| Task to carry out |
Make an exact copy of the records below, excluding images.

| Record excerpts |
══════════════════════════════

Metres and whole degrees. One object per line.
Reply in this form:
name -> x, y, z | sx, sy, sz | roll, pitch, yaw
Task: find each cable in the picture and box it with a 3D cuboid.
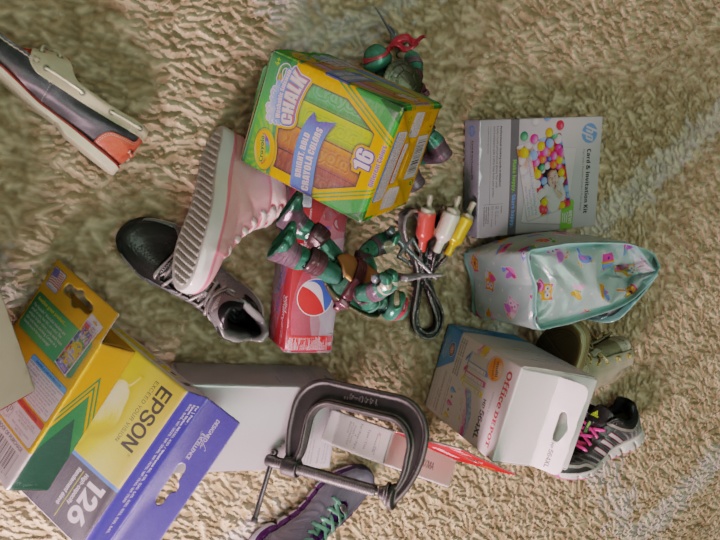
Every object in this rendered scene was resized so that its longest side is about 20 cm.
cable -> 0.088, -0.004, 0.890 | 0.097, 0.050, 0.201 | 7, 99, -21

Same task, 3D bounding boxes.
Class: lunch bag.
lunch bag -> 0.266, 0.006, 0.900 | 0.199, 0.170, 0.123 | -10, 96, -20

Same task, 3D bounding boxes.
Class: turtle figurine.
turtle figurine -> 0.036, -0.198, 0.801 | 0.149, 0.101, 0.200 | -36, 119, -11
turtle figurine -> 0.000, 0.000, 0.731 | 0.199, 0.150, 0.101 | 30, 105, -19

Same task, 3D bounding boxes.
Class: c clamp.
c clamp -> -0.021, 0.210, 0.757 | 0.027, 0.199, 0.172 | 36, 59, -61

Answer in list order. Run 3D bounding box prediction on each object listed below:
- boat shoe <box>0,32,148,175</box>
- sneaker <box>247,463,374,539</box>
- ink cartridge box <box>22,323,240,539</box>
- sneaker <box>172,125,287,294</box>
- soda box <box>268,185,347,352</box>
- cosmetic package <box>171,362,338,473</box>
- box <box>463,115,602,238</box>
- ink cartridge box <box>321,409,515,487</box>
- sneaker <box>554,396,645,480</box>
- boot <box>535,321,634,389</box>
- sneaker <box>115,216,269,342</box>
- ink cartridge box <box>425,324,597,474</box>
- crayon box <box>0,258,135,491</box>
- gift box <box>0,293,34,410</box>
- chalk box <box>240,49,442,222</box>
boat shoe -> -0.305, -0.183, 0.671 | 0.200, 0.071, 0.063 | 44, 78, -27
sneaker -> -0.053, 0.342, 0.890 | 0.200, 0.087, 0.075 | -36, 113, -11
ink cartridge box -> -0.265, 0.185, 0.725 | 0.200, 0.047, 0.198 | 33, 86, 18
sneaker -> -0.133, -0.055, 0.737 | 0.104, 0.075, 0.201 | 28, 54, -34
soda box -> -0.064, -0.005, 0.814 | 0.063, 0.070, 0.201 | 3, 100, -26
cosmetic package -> -0.132, 0.177, 0.824 | 0.199, 0.081, 0.113 | 8, 99, -23
box -> 0.237, -0.131, 0.930 | 0.199, 0.041, 0.157 | -6, 105, -23
ink cartridge box -> 0.075, 0.232, 0.833 | 0.200, 0.176, 0.045 | 38, 67, -52
sneaker -> 0.364, 0.255, 1.057 | 0.199, 0.074, 0.088 | -17, 109, -24
boot -> 0.331, 0.123, 0.984 | 0.154, 0.072, 0.201 | -20, 138, -19
sneaker -> -0.174, 0.015, 0.747 | 0.200, 0.115, 0.075 | 38, 87, -26
ink cartridge box -> 0.199, 0.167, 0.894 | 0.125, 0.200, 0.129 | 12, 97, -25
crayon box -> -0.318, 0.106, 0.699 | 0.200, 0.126, 0.052 | -58, 148, -1
gift box -> -0.439, 0.054, 0.594 | 0.184, 0.199, 0.188 | -38, 125, -55
chalk box -> -0.038, -0.156, 0.722 | 0.199, 0.124, 0.125 | 27, 114, 17
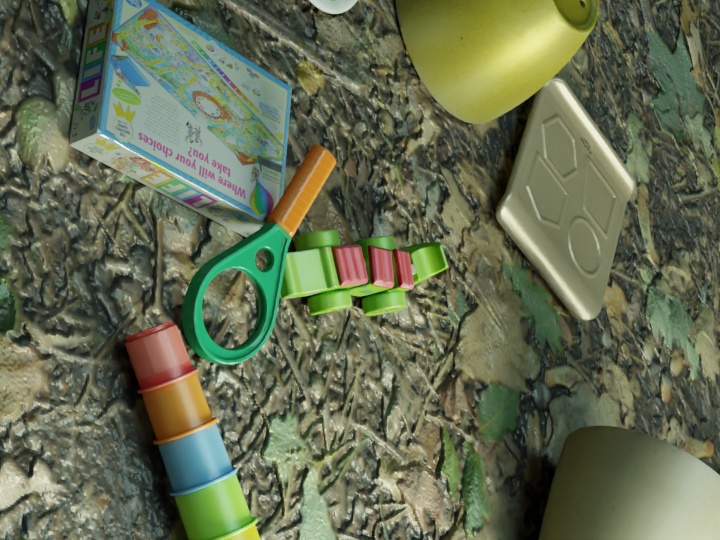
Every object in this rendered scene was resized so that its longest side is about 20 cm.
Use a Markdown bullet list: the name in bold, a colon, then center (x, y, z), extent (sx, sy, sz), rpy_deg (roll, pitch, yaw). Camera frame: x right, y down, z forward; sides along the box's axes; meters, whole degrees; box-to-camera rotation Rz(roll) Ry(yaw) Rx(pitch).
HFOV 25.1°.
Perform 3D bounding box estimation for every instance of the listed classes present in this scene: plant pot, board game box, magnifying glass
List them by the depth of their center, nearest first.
- **board game box**: center (-0.136, -0.123, 1.273), extent (0.199, 0.034, 0.136), rpy_deg (29, 56, -44)
- **magnifying glass**: center (-0.076, -0.015, 1.280), extent (0.080, 0.022, 0.201), rpy_deg (46, 64, -32)
- **plant pot**: center (0.236, 0.280, 1.510), extent (0.187, 0.186, 0.201), rpy_deg (48, 58, -30)
- **plant pot**: center (0.149, -0.261, 1.599), extent (0.199, 0.141, 0.202), rpy_deg (21, 62, -46)

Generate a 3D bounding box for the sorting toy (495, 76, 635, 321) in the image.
- **sorting toy**: center (0.216, -0.075, 1.712), extent (0.185, 0.036, 0.201), rpy_deg (48, 49, -30)

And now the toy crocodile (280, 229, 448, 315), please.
- **toy crocodile**: center (0.000, 0.000, 1.381), extent (0.199, 0.061, 0.068), rpy_deg (2, 76, -51)

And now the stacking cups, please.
- **stacking cups**: center (-0.125, 0.138, 1.186), extent (0.060, 0.060, 0.202), rpy_deg (-21, 89, -53)

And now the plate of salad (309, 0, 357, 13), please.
- **plate of salad**: center (-0.026, -0.333, 1.452), extent (0.200, 0.048, 0.202), rpy_deg (14, 74, -62)
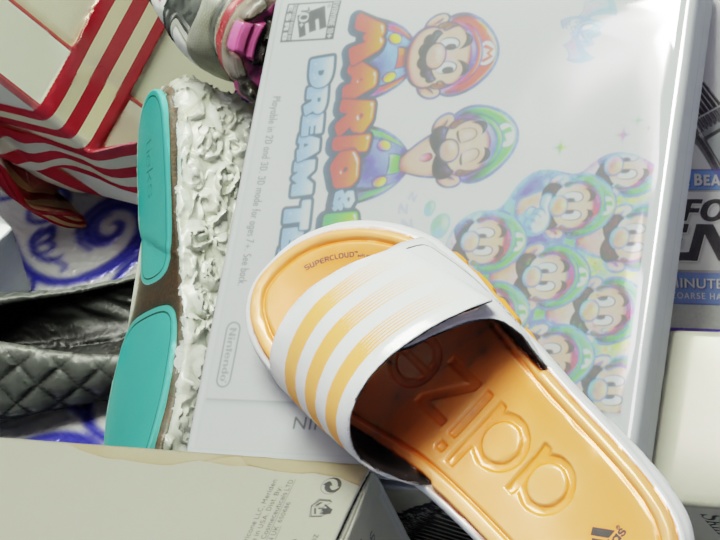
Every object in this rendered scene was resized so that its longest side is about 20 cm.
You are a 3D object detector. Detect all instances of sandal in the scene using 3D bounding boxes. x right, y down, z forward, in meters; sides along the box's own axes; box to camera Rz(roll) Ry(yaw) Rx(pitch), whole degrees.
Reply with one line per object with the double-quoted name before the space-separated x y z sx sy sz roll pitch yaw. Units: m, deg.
"sandal" 0.031 0.041 0.763 0.207 0.059 0.079 39 91 34

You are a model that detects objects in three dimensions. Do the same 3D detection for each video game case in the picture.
"video game case" 0.032 -0.016 0.834 0.182 0.024 0.200 0 70 29

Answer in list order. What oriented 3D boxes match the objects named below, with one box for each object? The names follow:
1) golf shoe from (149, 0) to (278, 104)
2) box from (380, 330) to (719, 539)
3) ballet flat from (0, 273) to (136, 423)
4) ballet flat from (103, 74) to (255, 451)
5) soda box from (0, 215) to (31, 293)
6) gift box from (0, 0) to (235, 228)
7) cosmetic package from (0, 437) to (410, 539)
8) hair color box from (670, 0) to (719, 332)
"golf shoe" -0.004 -0.108 1.001 0.092 0.200 0.073 34 107 42
"box" 0.087 0.065 0.833 0.200 0.082 0.068 1 67 30
"ballet flat" -0.104 0.022 1.008 0.200 0.057 0.066 -16 42 6
"ballet flat" -0.067 0.014 0.959 0.072 0.072 0.200 0 79 27
"soda box" -0.253 0.037 1.049 0.200 0.068 0.063 -41 70 -19
"gift box" -0.152 -0.137 1.074 0.200 0.185 0.187 14 72 53
"cosmetic package" -0.078 0.125 0.849 0.200 0.104 0.073 3 47 28
"hair color box" 0.115 -0.057 0.879 0.109 0.200 0.065 1 5 28

══════════════════════════════

| Solution to this problem |
Metres and whole degrees. One object per line.
Reply in this form:
name -> x, y, z | sx, sy, sz | roll, pitch, yaw
Task: find each cable in the picture and box it with a 3D cuboid.
Every object in this rendered scene was resized so that its longest side is about 20 cm.
cable -> 0.088, -0.004, 0.890 | 0.097, 0.050, 0.201 | 7, 99, -21

Same task, 3D bounding boxes.
Class: lunch bag.
lunch bag -> 0.266, 0.006, 0.900 | 0.199, 0.170, 0.123 | -10, 96, -20

Same task, 3D bounding boxes.
Class: turtle figurine.
turtle figurine -> 0.036, -0.198, 0.801 | 0.149, 0.101, 0.200 | -36, 119, -11
turtle figurine -> 0.000, 0.000, 0.731 | 0.199, 0.150, 0.101 | 30, 105, -19

Same task, 3D bounding boxes.
Class: c clamp.
c clamp -> -0.021, 0.210, 0.757 | 0.027, 0.199, 0.172 | 36, 59, -61

Answer in list order. Run 3D bounding box prediction on each object listed below:
- boat shoe <box>0,32,148,175</box>
- sneaker <box>247,463,374,539</box>
- ink cartridge box <box>22,323,240,539</box>
- sneaker <box>172,125,287,294</box>
- soda box <box>268,185,347,352</box>
- cosmetic package <box>171,362,338,473</box>
- box <box>463,115,602,238</box>
- ink cartridge box <box>321,409,515,487</box>
- sneaker <box>554,396,645,480</box>
- boot <box>535,321,634,389</box>
- sneaker <box>115,216,269,342</box>
- ink cartridge box <box>425,324,597,474</box>
- crayon box <box>0,258,135,491</box>
- gift box <box>0,293,34,410</box>
- chalk box <box>240,49,442,222</box>
boat shoe -> -0.305, -0.183, 0.671 | 0.200, 0.071, 0.063 | 44, 78, -27
sneaker -> -0.053, 0.342, 0.890 | 0.200, 0.087, 0.075 | -36, 113, -11
ink cartridge box -> -0.265, 0.185, 0.725 | 0.200, 0.047, 0.198 | 33, 86, 18
sneaker -> -0.133, -0.055, 0.737 | 0.104, 0.075, 0.201 | 28, 54, -34
soda box -> -0.064, -0.005, 0.814 | 0.063, 0.070, 0.201 | 3, 100, -26
cosmetic package -> -0.132, 0.177, 0.824 | 0.199, 0.081, 0.113 | 8, 99, -23
box -> 0.237, -0.131, 0.930 | 0.199, 0.041, 0.157 | -6, 105, -23
ink cartridge box -> 0.075, 0.232, 0.833 | 0.200, 0.176, 0.045 | 38, 67, -52
sneaker -> 0.364, 0.255, 1.057 | 0.199, 0.074, 0.088 | -17, 109, -24
boot -> 0.331, 0.123, 0.984 | 0.154, 0.072, 0.201 | -20, 138, -19
sneaker -> -0.174, 0.015, 0.747 | 0.200, 0.115, 0.075 | 38, 87, -26
ink cartridge box -> 0.199, 0.167, 0.894 | 0.125, 0.200, 0.129 | 12, 97, -25
crayon box -> -0.318, 0.106, 0.699 | 0.200, 0.126, 0.052 | -58, 148, -1
gift box -> -0.439, 0.054, 0.594 | 0.184, 0.199, 0.188 | -38, 125, -55
chalk box -> -0.038, -0.156, 0.722 | 0.199, 0.124, 0.125 | 27, 114, 17
Every object in this rendered scene was resized so that its longest side is about 20 cm.
Use a Markdown bullet list: the name in bold, a colon, then center (x, y, z), extent (sx, sy, sz), rpy_deg (roll, pitch, yaw). Camera frame: x right, y down, z forward; sides along the box's axes; meters, whole degrees; box-to-camera rotation Rz(roll) Ry(yaw) Rx(pitch).
HFOV 25.1°.
Perform 3D bounding box estimation for every instance of the listed classes present in this scene: plant pot, board game box, magnifying glass
List them by the depth of their center, nearest first.
- **board game box**: center (-0.136, -0.123, 1.273), extent (0.199, 0.034, 0.136), rpy_deg (29, 56, -44)
- **magnifying glass**: center (-0.076, -0.015, 1.280), extent (0.080, 0.022, 0.201), rpy_deg (46, 64, -32)
- **plant pot**: center (0.236, 0.280, 1.510), extent (0.187, 0.186, 0.201), rpy_deg (48, 58, -30)
- **plant pot**: center (0.149, -0.261, 1.599), extent (0.199, 0.141, 0.202), rpy_deg (21, 62, -46)

Generate a 3D bounding box for the sorting toy (495, 76, 635, 321) in the image.
- **sorting toy**: center (0.216, -0.075, 1.712), extent (0.185, 0.036, 0.201), rpy_deg (48, 49, -30)

And now the toy crocodile (280, 229, 448, 315), please.
- **toy crocodile**: center (0.000, 0.000, 1.381), extent (0.199, 0.061, 0.068), rpy_deg (2, 76, -51)

And now the stacking cups, please.
- **stacking cups**: center (-0.125, 0.138, 1.186), extent (0.060, 0.060, 0.202), rpy_deg (-21, 89, -53)

And now the plate of salad (309, 0, 357, 13), please.
- **plate of salad**: center (-0.026, -0.333, 1.452), extent (0.200, 0.048, 0.202), rpy_deg (14, 74, -62)
Every object in this rendered scene was resized so that its longest side is about 20 cm.
You are a 3D object detector. Detect all instances of sandal in the scene using 3D bounding boxes. x right, y down, z forward, in meters; sides along the box's own axes; box to camera Rz(roll) Ry(yaw) Rx(pitch), whole degrees.
Reply with one line per object with the double-quoted name before the space-separated x y z sx sy sz roll pitch yaw. Units: m, deg.
"sandal" 0.031 0.041 0.763 0.207 0.059 0.079 39 91 34

You are a model that detects objects in three dimensions. Do the same 3D detection for each video game case in the picture.
"video game case" 0.032 -0.016 0.834 0.182 0.024 0.200 0 70 29

Answer in list order. What oriented 3D boxes match the objects named below, with one box for each object? The names follow:
1) golf shoe from (149, 0) to (278, 104)
2) box from (380, 330) to (719, 539)
3) ballet flat from (0, 273) to (136, 423)
4) ballet flat from (103, 74) to (255, 451)
5) soda box from (0, 215) to (31, 293)
6) gift box from (0, 0) to (235, 228)
7) cosmetic package from (0, 437) to (410, 539)
8) hair color box from (670, 0) to (719, 332)
"golf shoe" -0.004 -0.108 1.001 0.092 0.200 0.073 34 107 42
"box" 0.087 0.065 0.833 0.200 0.082 0.068 1 67 30
"ballet flat" -0.104 0.022 1.008 0.200 0.057 0.066 -16 42 6
"ballet flat" -0.067 0.014 0.959 0.072 0.072 0.200 0 79 27
"soda box" -0.253 0.037 1.049 0.200 0.068 0.063 -41 70 -19
"gift box" -0.152 -0.137 1.074 0.200 0.185 0.187 14 72 53
"cosmetic package" -0.078 0.125 0.849 0.200 0.104 0.073 3 47 28
"hair color box" 0.115 -0.057 0.879 0.109 0.200 0.065 1 5 28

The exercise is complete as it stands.